#### Assignment
Write out every line from the listing below where the string "width" is found.

#### Data to examine
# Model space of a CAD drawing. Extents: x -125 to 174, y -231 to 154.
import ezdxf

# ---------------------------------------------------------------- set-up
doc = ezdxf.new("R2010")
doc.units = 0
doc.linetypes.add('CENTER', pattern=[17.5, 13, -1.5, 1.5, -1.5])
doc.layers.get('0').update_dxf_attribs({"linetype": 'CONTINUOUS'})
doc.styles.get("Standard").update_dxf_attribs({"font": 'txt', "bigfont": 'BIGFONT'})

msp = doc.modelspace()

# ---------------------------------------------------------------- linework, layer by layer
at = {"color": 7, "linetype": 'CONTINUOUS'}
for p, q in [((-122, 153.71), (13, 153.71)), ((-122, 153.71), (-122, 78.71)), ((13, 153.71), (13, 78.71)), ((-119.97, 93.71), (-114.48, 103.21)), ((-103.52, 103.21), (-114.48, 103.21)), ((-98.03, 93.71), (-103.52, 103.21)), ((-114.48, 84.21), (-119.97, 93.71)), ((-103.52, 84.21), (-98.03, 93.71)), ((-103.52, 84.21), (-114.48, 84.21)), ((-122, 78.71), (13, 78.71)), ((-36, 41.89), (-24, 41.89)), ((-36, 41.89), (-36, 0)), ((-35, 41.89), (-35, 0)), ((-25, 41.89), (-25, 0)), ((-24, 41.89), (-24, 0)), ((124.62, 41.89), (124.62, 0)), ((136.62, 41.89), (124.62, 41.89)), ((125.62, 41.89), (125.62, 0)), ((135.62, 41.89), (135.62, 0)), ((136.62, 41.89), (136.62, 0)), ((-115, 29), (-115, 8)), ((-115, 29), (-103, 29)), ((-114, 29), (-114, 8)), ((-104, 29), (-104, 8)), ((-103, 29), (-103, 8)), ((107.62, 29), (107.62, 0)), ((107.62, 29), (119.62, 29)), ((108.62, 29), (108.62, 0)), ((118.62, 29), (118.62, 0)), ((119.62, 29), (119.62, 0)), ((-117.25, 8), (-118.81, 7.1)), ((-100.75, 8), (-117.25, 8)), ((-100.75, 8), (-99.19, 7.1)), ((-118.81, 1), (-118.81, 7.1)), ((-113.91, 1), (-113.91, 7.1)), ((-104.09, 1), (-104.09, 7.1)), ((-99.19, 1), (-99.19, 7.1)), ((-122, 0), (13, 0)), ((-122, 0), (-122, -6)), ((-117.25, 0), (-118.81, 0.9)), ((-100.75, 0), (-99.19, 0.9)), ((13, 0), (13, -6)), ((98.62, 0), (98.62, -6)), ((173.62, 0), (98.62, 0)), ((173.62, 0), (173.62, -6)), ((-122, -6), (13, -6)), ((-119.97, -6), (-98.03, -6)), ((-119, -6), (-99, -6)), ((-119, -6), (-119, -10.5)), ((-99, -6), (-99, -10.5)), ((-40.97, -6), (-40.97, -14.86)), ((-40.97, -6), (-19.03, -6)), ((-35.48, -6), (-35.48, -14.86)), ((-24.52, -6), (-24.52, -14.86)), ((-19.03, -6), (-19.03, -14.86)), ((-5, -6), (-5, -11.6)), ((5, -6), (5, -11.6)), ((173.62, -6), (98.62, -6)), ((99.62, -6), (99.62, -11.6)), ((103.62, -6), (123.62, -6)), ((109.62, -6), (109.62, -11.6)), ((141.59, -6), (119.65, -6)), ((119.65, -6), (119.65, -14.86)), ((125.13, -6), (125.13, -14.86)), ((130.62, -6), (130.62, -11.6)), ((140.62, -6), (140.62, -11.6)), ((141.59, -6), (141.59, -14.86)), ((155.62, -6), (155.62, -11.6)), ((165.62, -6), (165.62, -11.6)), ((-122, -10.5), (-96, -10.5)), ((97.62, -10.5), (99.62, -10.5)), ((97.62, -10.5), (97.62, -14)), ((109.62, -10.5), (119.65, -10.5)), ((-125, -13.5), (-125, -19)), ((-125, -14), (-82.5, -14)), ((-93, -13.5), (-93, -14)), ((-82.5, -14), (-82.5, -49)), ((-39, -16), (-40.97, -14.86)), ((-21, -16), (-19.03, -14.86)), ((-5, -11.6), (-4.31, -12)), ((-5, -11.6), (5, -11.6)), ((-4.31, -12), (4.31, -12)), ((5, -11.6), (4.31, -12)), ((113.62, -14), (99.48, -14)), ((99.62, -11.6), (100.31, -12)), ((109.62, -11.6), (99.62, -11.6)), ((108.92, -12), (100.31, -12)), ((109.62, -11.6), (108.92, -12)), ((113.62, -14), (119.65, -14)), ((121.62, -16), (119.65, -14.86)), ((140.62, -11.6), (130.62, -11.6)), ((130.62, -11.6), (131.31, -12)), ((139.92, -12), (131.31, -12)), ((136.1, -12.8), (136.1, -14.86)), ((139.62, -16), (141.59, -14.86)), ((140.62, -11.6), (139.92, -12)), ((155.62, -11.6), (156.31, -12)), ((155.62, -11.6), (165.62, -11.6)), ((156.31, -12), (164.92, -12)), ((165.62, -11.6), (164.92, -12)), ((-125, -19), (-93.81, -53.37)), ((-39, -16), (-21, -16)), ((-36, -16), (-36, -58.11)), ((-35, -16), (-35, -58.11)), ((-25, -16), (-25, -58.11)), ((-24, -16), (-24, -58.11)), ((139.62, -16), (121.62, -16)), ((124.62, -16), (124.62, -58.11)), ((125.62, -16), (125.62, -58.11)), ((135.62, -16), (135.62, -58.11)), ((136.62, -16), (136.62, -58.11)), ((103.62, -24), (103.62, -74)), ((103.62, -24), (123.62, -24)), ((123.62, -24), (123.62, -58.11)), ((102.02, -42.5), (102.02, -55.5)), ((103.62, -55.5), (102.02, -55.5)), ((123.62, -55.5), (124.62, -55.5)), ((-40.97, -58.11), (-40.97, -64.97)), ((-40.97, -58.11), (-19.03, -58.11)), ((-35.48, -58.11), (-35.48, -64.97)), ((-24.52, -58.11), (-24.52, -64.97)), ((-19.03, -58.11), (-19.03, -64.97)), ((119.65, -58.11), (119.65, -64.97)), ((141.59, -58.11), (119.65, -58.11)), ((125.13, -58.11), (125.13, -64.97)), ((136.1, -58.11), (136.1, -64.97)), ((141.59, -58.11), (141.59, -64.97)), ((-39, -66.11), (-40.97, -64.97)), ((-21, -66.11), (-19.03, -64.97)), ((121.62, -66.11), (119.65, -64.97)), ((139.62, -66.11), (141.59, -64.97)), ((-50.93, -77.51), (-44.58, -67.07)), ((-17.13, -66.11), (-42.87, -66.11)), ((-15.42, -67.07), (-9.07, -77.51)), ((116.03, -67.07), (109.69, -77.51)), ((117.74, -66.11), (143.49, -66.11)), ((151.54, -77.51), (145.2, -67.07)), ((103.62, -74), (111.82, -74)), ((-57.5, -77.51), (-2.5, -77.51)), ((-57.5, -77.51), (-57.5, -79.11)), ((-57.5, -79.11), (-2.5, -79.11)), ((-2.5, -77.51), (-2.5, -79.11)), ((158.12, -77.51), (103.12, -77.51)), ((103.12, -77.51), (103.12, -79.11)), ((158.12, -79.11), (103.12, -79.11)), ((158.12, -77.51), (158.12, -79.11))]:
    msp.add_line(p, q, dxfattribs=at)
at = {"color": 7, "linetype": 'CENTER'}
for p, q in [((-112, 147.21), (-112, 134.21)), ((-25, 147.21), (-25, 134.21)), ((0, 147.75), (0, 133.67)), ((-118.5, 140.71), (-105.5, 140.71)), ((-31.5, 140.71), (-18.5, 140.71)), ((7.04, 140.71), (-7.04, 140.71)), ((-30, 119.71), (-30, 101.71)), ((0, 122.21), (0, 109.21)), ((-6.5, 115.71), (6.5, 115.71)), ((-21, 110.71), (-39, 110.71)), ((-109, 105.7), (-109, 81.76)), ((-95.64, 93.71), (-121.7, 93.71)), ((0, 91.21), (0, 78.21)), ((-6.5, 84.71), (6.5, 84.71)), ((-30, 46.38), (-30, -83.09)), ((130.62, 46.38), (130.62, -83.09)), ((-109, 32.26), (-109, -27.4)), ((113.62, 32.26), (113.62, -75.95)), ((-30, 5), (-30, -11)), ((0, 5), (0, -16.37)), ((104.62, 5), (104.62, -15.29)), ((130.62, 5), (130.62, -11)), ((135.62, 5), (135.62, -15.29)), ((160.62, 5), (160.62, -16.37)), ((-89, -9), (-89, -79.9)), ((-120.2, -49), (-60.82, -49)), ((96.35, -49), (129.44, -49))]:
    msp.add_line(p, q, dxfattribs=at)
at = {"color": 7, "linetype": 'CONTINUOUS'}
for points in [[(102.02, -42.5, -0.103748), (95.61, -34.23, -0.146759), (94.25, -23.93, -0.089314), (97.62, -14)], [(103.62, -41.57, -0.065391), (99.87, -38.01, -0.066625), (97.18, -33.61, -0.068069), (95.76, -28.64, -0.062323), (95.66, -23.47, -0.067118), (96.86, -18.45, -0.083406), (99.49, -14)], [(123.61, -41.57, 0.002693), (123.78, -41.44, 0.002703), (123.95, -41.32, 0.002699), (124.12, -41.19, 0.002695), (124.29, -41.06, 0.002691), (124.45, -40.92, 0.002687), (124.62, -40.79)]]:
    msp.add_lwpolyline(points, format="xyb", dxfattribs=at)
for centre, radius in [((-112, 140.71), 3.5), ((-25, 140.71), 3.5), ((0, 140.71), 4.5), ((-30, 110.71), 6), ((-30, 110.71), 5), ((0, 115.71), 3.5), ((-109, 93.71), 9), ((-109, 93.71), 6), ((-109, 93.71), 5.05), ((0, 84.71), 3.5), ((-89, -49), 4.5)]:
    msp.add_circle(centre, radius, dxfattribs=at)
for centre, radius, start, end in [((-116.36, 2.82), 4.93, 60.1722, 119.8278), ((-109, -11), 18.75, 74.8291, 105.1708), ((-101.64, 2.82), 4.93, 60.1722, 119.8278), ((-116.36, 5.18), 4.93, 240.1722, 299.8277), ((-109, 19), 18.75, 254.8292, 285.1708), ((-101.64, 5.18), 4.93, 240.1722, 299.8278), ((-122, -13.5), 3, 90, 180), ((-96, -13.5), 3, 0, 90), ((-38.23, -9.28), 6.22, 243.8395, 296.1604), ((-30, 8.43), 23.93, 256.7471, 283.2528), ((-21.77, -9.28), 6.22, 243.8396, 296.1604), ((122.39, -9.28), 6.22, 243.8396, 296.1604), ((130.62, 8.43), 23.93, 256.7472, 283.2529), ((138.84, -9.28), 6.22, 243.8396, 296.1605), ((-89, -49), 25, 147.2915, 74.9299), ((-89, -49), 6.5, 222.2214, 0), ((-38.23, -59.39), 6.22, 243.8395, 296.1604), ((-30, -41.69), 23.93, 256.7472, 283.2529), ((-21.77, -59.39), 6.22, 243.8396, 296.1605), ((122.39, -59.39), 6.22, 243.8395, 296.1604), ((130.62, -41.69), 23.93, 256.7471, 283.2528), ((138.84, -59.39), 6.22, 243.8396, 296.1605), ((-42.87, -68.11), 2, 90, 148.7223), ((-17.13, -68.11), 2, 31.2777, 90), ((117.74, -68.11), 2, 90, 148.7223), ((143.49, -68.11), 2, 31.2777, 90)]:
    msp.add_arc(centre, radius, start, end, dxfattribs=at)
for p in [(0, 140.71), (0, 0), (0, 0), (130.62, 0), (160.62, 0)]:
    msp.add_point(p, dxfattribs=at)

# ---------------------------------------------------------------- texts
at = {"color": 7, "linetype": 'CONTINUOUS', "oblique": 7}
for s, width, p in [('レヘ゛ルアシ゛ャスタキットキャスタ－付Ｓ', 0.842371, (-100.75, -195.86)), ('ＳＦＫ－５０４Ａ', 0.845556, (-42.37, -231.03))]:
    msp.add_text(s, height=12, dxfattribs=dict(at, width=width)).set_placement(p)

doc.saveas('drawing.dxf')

#### Solution to this task
for s, width, p in [('レヘ゛ルアシ゛ャスタキットキャスタ－付Ｓ', 0.842371, (-100.75, -195.86)), ('ＳＦＫ－５０４Ａ', 0.845556, (-42.37, -231.03))]:
    msp.add_text(s, height=12, dxfattribs=dict(at, width=width)).set_placement(p)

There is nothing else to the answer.